Saya memang melihat banyak pohon kayu jati (Tectonia grandis) di tanam di sana. Daunnya banyak dan sebagian ada yang menguning lalu gugur ke tanah di tiup angin. Melihat banyaknya pohon jati, seseorang mungkin ada yang memunguti daunnya. Mengeringkannya dengan baik, lalu cukup kreative membentuknya menjadi cekung serupa mangkok dan memanfaatkannya untuk menikmati makanan.
Saya menemukannya ketika sore hari kami disuguhi snack yang terbuat dari kacang ijo kukus berbumbu bawang dan cabe kering. Snack alami dari kacang-kacangan, dihidangkannya dengan memanfaatkan mangkok daun jati. Dan dimakan sambil berdiri di luar ruangan di bawah pohon-pohon yang rindang. Di antara desau angin sore pedesaan. Diantara kicauan burung dan tupai yang sibuk berlarian ke sana kemari mencari biji-bijian. Tidak ada sebuah aturan protokoler acara makan yang harus diikuti. Semuanya sangat natural. Aduuuuh..saya merasa sangat menyatu dengan alam.
Setelah makan, kami membuang daun jati kering itu ke tempat sampah dan kamipun kembali ke aktifitas kami masing-masing.
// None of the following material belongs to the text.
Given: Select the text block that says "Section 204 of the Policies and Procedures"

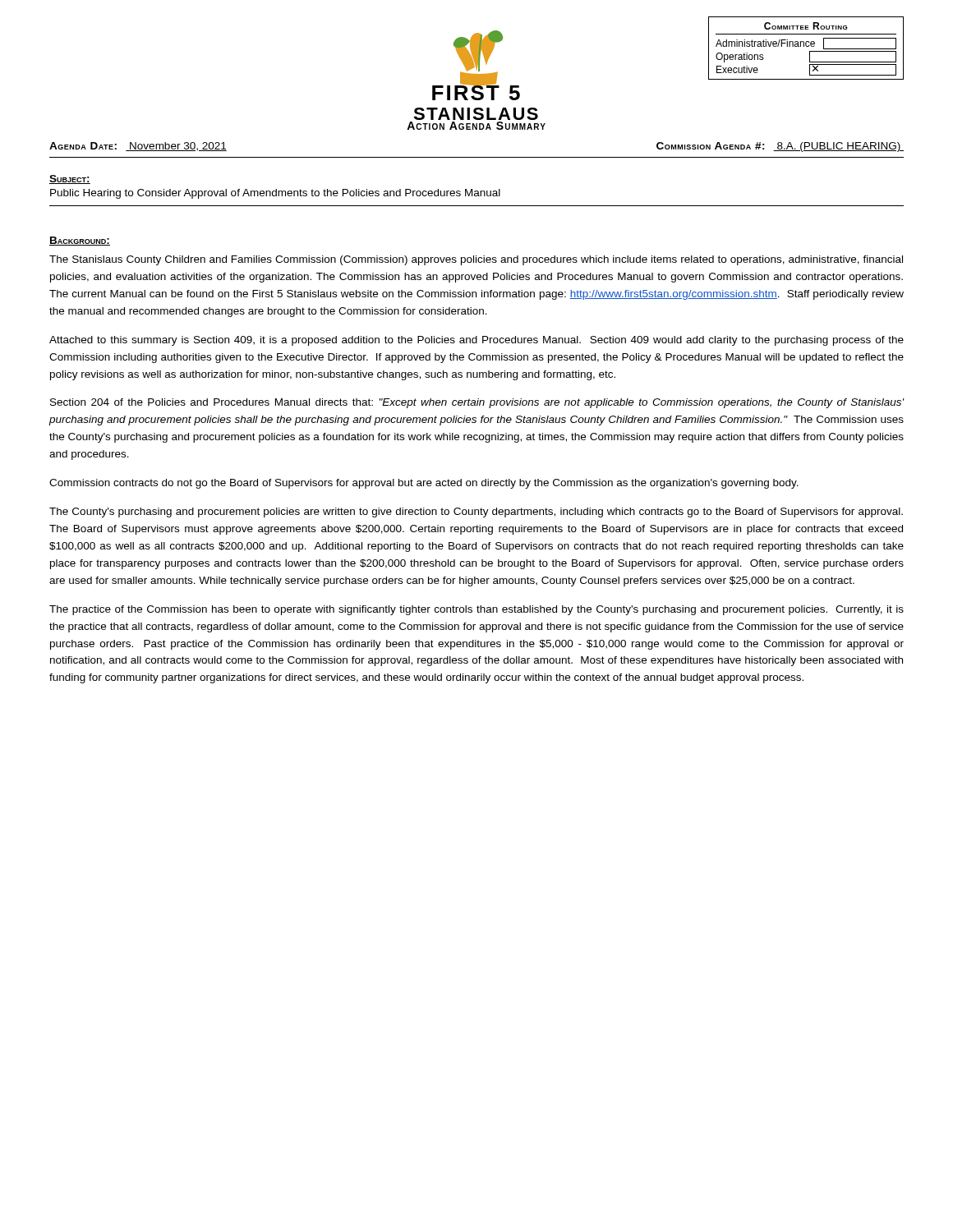Looking at the screenshot, I should (476, 428).
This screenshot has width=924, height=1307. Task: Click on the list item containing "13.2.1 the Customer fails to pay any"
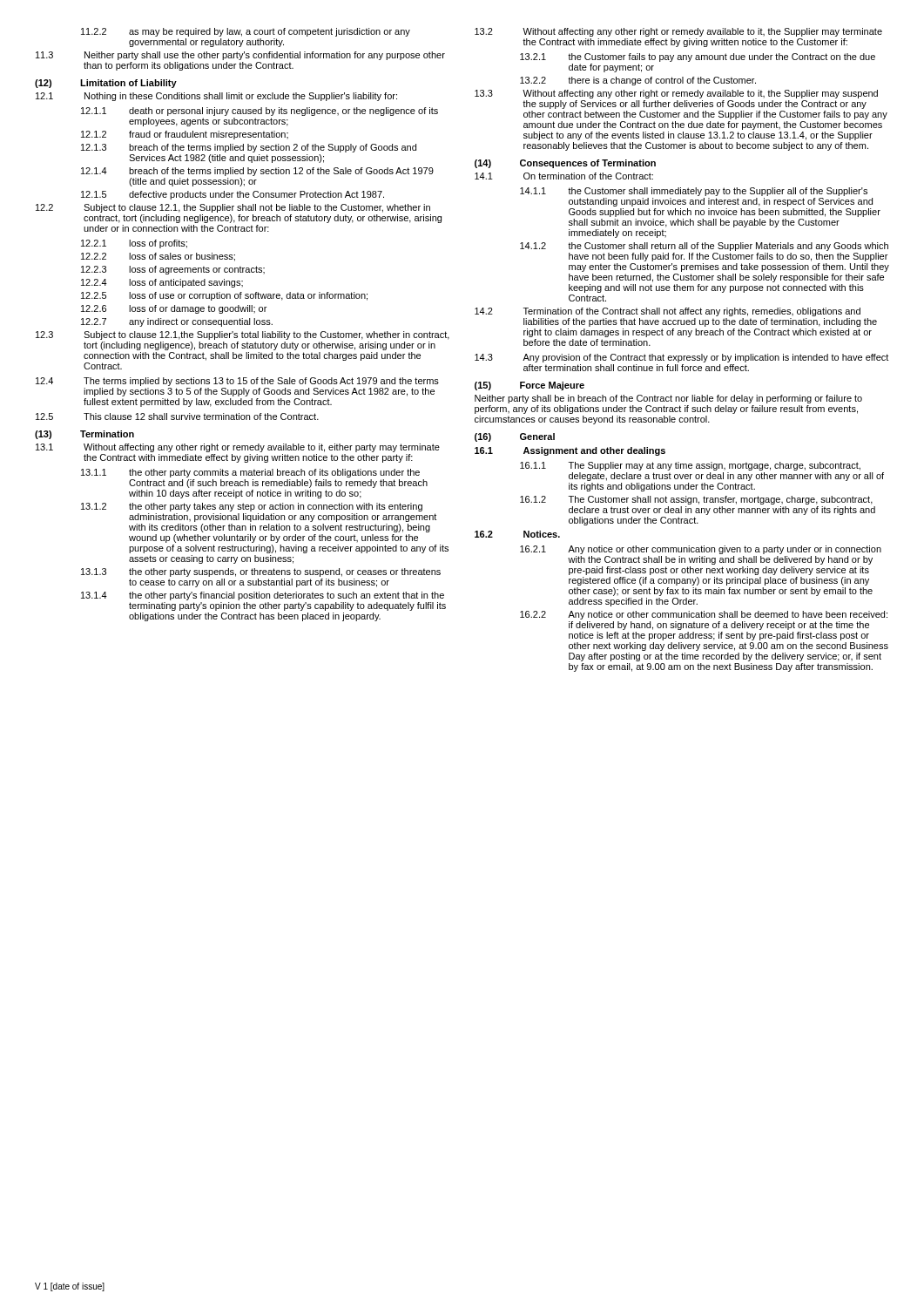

Saya terkesan sekali dengan upaya mereka merawat lingkungan.
Sebenarnya, jika kita ingat-ingat, sebelum plastik datang merajalela, di Indonesiapun kita banyak memanfaatkan bahan alam ramah lingkungan untuk aktifitas kita sehari-hari. Seperti contohnya daun jati ini. Di Jawa, daunnya yang lebar-lebar secara traditional sangat umum kita lihat digunakan untuk membungkus makanan. Demikian juga di tempat lain. Daun pisang. Sangat umum digunakan sebagai pembungkus. Lalu daun talas dimanfaatkan untuk payung. Namun semakin ke sini, semakin sedikit pemanfaatannya karena semuanya sudah tergantikan dengan plastik. Barangkali karena semakin sulit dan mahal juga didapatkan, karena pohonnya juga semakin banyak yang ditebang. Kembali lagi kealasan bahwa plastik lebih praktis, lebih murah dan lebih mudah di dapat.
Jaman dulu orang di Bali juga biasanya makan dengan menggunakan kau, ingka atau tamas. Namun semakin ke sini, semakin tergantikan oleh piring kaca atau plastik. Kau, yakni mangkok yang terbuat dari batok kelapa barangkali sudah tidak ada yang menggunakannya lagi selain sebagai hiasan. Ingka, yakni piring yang terbuat dari jalinan lidi kelapa saya lihat masih digunakan sesekali. Tamas, yakni piring yang dibuat dari daun kelapa hanya digunakan untuk upacara saja. Agar bisa dipakai berulang-ulang ingka dan tamas ini biasanya dilapisi dengan daun pisang. Sekarang lapisan daun pisang ini lebih sering diganti dengan lapisan kertas coklat pembungkus makanan. yang menggunakannya pun tetap lebih sedikit daripada yang menggunakan piring berbahan plastik atau gelas.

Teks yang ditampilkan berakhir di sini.